Remember what I told you about the ozone. Trenberth did a report from which you can figure that ozone on its own is responsible for about 25% of all of earth’s albedo. Yet, he forgot about the peroxides and N-oxides. …. I found reports showing that in the SH the level of the peroxides is higher, even more inside the so called “ozone hole.”……It makes sense that where OH radicals are more readily available, peroxides will be formed preferentially to ozone? Now look at the spectra of H2O2 and O3.
Just remember: It is the variation of UV going into the oceans that can vary the weather; for various reasons…..
Best wishes
H

Frank
Reply to  Frank
April 6, 2018 7:52 am

Frank asked: How do we know whether the doubled radiative cooling from 2XCO2 by emission is more important than the doubled absorption????
HenryP answered: We don’t know.
In that case, you don’t understand the Schwarzschild equation predicts radiation is modified by absorption and emission as it passes upward through the atmosphere. That equation provides the ALL the answers. That equation is used to calculate the 3.7 W/m2 radiative forcing from 2XCO2. That is the equation used for radiation transfer in AOGCMs and the online version of Modtran and Hitran.
Like Planck’s Law, the Schwarzschild eqn has been derived from Quantum Mechanics. Planck assumed radiation in equilibrium with “quantized oscillators” and derived his law. Schwarzschild used Einstein coefficients for absorption and emission of photons by real molecules. The validity of the QM depiction of the interaction of light and matter has been carefully studied in the laboratory for nearly a century AND confirmed in the atmosphere. Scientists have launched radiosondes to assess the temperature, humidity and pressure overhead, and using the Schwarzschild equation can predict the spectrum of the thermal infrared that is “shining” down from the atmosphere to the surface (DLR). (Upward radiation is stronger, so the net flux is from hot to cold, in agreement with the 2LoT.) And the radiation reaching a spacecraft. Some of this evidence is discussed in Grant Petty’s textbook.
Qualitatively, the Schwarzschild eqn says that the intensity of radiation traveling through a homogenous absorbing/emitting medium gradually approaches blackbody intensity and approaches faster when there are more molecules emitting and absorbing. Since the troposphere gets colder with altitude, less upward LWR makes it through the troposphere with doubled CO2. There is no doubt about this, just like you would have no doubt applying Beer’s Law. (Yes, I know that Beer’s Law isn’t perfect at high concentrations where molecules can interact with each other. And water vapor forms dimers in the atmosphere too.)
If you are convinced that rising GHGs reduce the rate thermal IR escapes through the top of the atmosphere, then conservation of energy means that heat must be accumulating somewhere. Unfortunately, accurately measuring that change (roughly 0.1-0.2 degC/decade) is really challenging and complicated by chaotic fluctuation in the currents linking the very cold deep ocean and the warmer surface. During a strong El Nino, this exchange slows and the atmosphere warms nearly 0.1 degC PER MONTH for about six months. The consequences of radiative forcing over a period of a decade or two can easily be obscured by “unforced variability” from the chaotic ocean.

Reply to  Frank
April 6, 2018 11:00 am

henryp April 6, 2018 at 2:56 am
The long wave absorption 14-15 um has little energy, even it is 24 hrs/day.
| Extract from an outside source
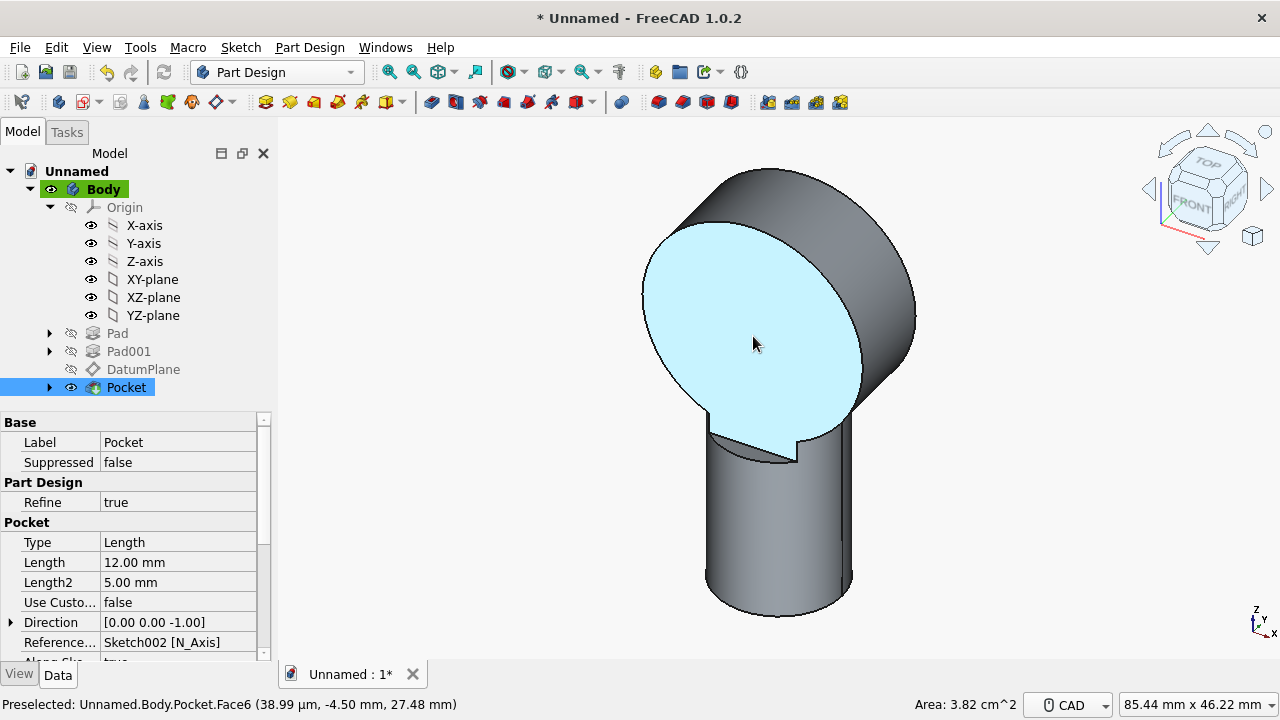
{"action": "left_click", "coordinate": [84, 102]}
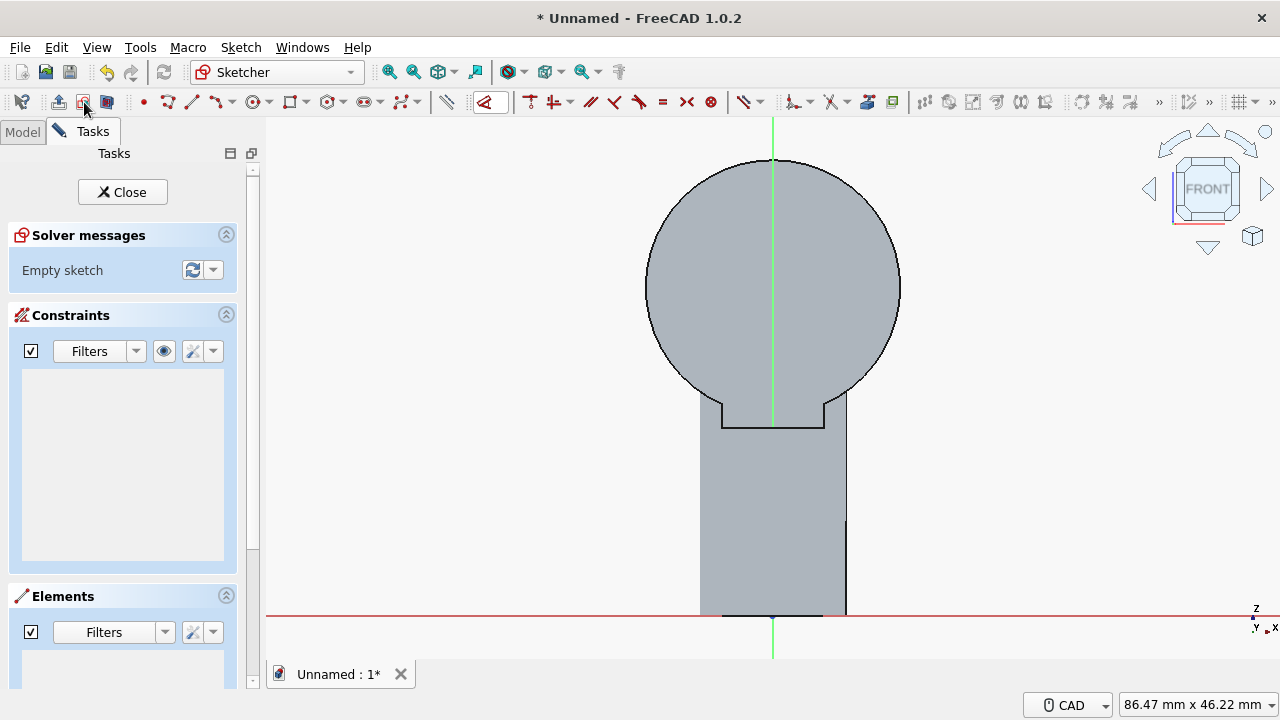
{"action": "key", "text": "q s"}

Hardly it absorbs about the peak energy of the earth’s emission spectrum.

April 6, 2018 8:38 am

Sorry Frank
I remember that value for CO2 forcing comes from IPCC 2007, where, really it was an estimate based on ‘observed’ warming (since 1750?) minus everything which they considered natural. It was exactly like putting the cart before the horse, the biggest mistake anyone can make in science. Subsequently, all the models ‘calculate’ that which has never been measured before.
IMO the way from the top to the bottom of the atmosphere is the same as the bottom to top.
I wanted to get out of here, but for your sake, let us go back:
there are about 3 or 4 absorptions of CO2 between 1-2 um – you can follow the green line fig 6 bottom:
http://astro.berkeley.edu/~kalas/disksite/library/turnbull06a.pdf
it all comes back to earth in fig.7, if I remember correctly.
!Just imagine: we can see that radiation specific to the CO2 coming back to earth after it was bounced off from the moon…so it went from the sun=>earth (CO2 atmosphere) =>moon=>earth
so now, if the CO2 in the atmosphere doubles, would you agree that the radiation specific to the absorption of CO2 1-2 um going out to space also doubles up? i.e. the peaks would be the same wavelengths but the peak areas would double up? That is a cooling effect?
So, now, how do you quantify that doubling of the cooling effect of radiation bounced to space n terms of a forcing? How are you going to measure that?

Frank
April 6, 2018 9:58 am

No. This paper is looking at reflection of incoming SWR. There is negligible emission of thermal infrared at these wavelengths.
http://www.atmos.washington.edu/1998Q4/211/absorption.gifcomment image&f=1

Reply to  Frank
April 6, 2018 12:39 pm

Frank
you need to go back here
https://wattsupwiththat.com/2018/03/30/game-over/#comment-2779055
and my comments below that.\
IMO it is the OGLWR being trapped that is negligible, the deflected incoming SWR not so much as it carries a lot more energy.
Hence I told you about my test? and how we use the UV- and 1-2 absorptions to find the CO2 on other planets?
The net effect of more CO2 is probably cooling rather than warming.
But you have to come with those reports I have been asking fofr?
I don’t need formulae and calculations, please. I want to see actual measured data from testing.
Like I said, the CO2 thing is a red herring anyway.
I would not spend too much time on it if I were you.
Sorry. I am not going to waste more time here.
Good luck.

Frank
Reply to  henryp
April 6, 2018 3:43 pm

HenryP wrote: “The net effect of more CO2 is probably cooling rather than warming.”
The Schwarzschild equation tells us that the net effect of more CO2 is to speed up radiative cooling to space where the temperature increase with altitude; to decrease it where temperature decreases with altitude and to cause no change in an isothermal atmosphere.
dI = n*o*( B(lambda,T) – I_0 )*ds
Let’s say all incoming radiation, I_0) comes from a location with temperature T’ whose temperature is higher than T. I_0 = B(lambda, T’).
dI = n*o*{ B(lambda,T) – B(lambda, T’) }*ds
The term in {} will be negative and a larger n will make the {} more negative.